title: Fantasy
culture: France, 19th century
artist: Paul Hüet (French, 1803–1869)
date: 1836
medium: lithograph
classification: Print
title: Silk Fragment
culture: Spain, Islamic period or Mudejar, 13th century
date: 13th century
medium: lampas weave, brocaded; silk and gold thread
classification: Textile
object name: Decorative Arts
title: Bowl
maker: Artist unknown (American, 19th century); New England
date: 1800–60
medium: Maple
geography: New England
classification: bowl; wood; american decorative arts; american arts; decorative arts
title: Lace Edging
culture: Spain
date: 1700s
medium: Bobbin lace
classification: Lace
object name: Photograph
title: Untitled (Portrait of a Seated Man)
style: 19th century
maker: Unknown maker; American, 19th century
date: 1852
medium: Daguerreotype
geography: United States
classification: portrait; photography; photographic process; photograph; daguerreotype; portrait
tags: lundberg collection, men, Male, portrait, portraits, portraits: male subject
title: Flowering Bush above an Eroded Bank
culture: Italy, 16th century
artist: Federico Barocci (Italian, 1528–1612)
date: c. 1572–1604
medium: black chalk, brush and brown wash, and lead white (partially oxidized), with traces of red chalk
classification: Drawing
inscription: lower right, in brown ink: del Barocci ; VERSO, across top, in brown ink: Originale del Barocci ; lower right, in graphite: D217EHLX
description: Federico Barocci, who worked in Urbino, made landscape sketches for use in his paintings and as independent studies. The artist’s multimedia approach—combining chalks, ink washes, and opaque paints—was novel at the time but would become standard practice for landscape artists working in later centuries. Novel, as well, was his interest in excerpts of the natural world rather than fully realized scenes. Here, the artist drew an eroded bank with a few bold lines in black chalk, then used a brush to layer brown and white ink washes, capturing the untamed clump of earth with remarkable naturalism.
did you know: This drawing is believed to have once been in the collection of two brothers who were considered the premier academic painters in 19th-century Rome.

········

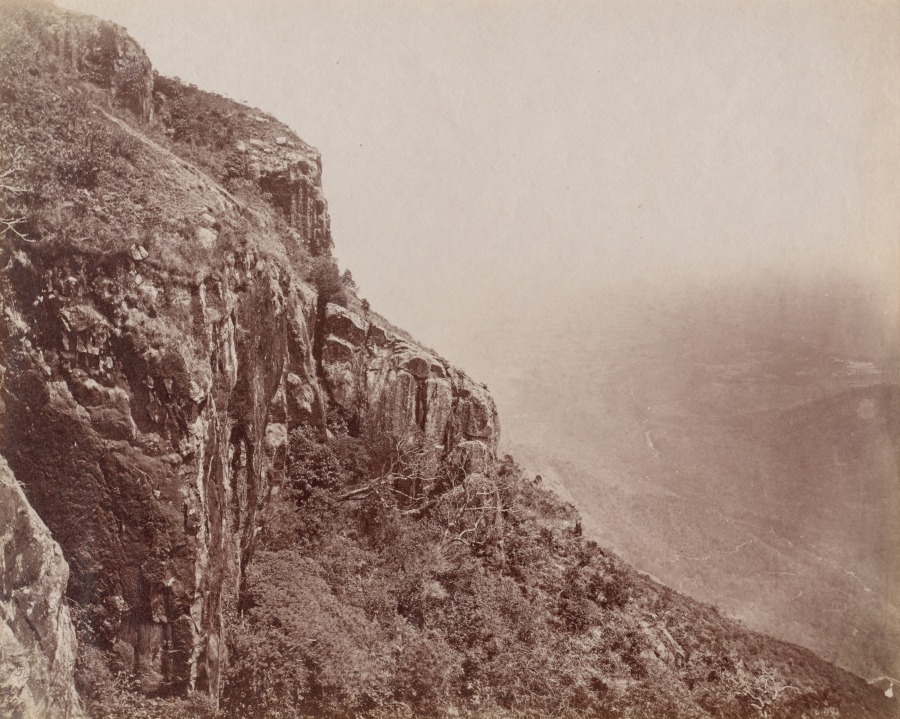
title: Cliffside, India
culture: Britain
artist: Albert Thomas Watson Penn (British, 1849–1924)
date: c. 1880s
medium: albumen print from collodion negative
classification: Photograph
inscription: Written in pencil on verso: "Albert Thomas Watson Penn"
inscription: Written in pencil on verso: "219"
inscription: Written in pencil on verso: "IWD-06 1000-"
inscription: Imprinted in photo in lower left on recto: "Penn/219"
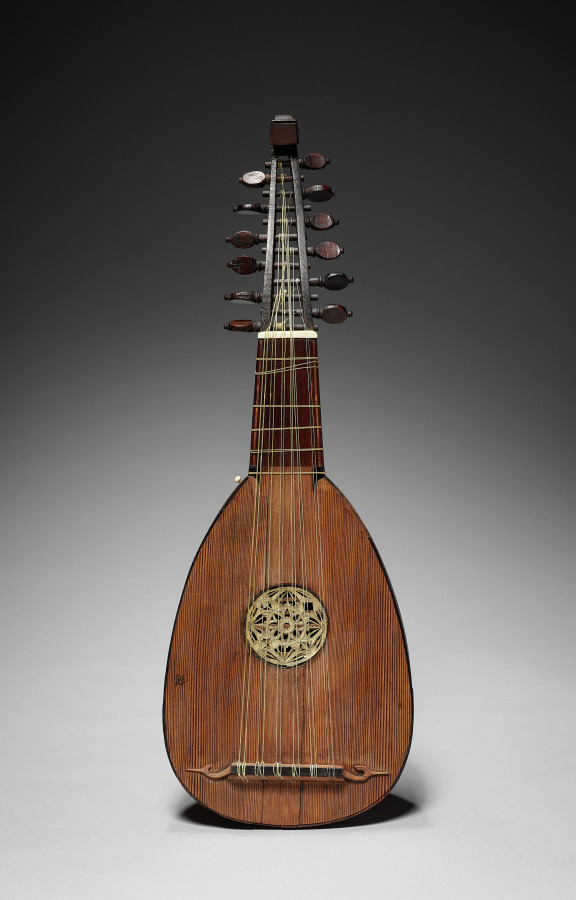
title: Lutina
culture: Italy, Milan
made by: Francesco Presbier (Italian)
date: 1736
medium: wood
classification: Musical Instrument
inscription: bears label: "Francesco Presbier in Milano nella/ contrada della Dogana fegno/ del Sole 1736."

········

## Work instructions
Copy the records above exactly, beginning at the line that contains "classification: bowl; wood;" and stopping after the line that contains "description: Federico Barocci, who".

## Result of this task
classification: bowl; wood; american decorative arts; american arts; decorative arts
title: Lace Edging
culture: Spain
date: 1700s
medium: Bobbin lace
classification: Lace
object name: Photograph
title: Untitled (Portrait of a Seated Man)
style: 19th century
maker: Unknown maker; American, 19th century
date: 1852
medium: Daguerreotype
geography: United States
classification: portrait; photography; photographic process; photograph; daguerreotype; portrait
tags: lundberg collection, men, Male, portrait, portraits, portraits: male subject
title: Flowering Bush above an Eroded Bank
culture: Italy, 16th century
artist: Federico Barocci (Italian, 1528–1612)
date: c. 1572–1604
medium: black chalk, brush and brown wash, and lead white (partially oxidized), with traces of red chalk
classification: Drawing
inscription: lower right, in brown ink: del Barocci ; VERSO, across top, in brown ink: Originale del Barocci ; lower right, in graphite: D217EHLX
description: Federico Barocci, who worked in Urbino, made landscape sketches for use in his paintings and as independent studies. The artist’s multimedia approach—combining chalks, ink washes, and opaque paints—was novel at the time but would become standard practice for landscape artists working in later centuries. Novel, as well, was his interest in excerpts of the natural world rather than fully realized scenes. Here, the artist drew an eroded bank with a few bold lines in black chalk, then used a brush to layer brown and white ink washes, capturing the untamed clump of earth with remarkable naturalism.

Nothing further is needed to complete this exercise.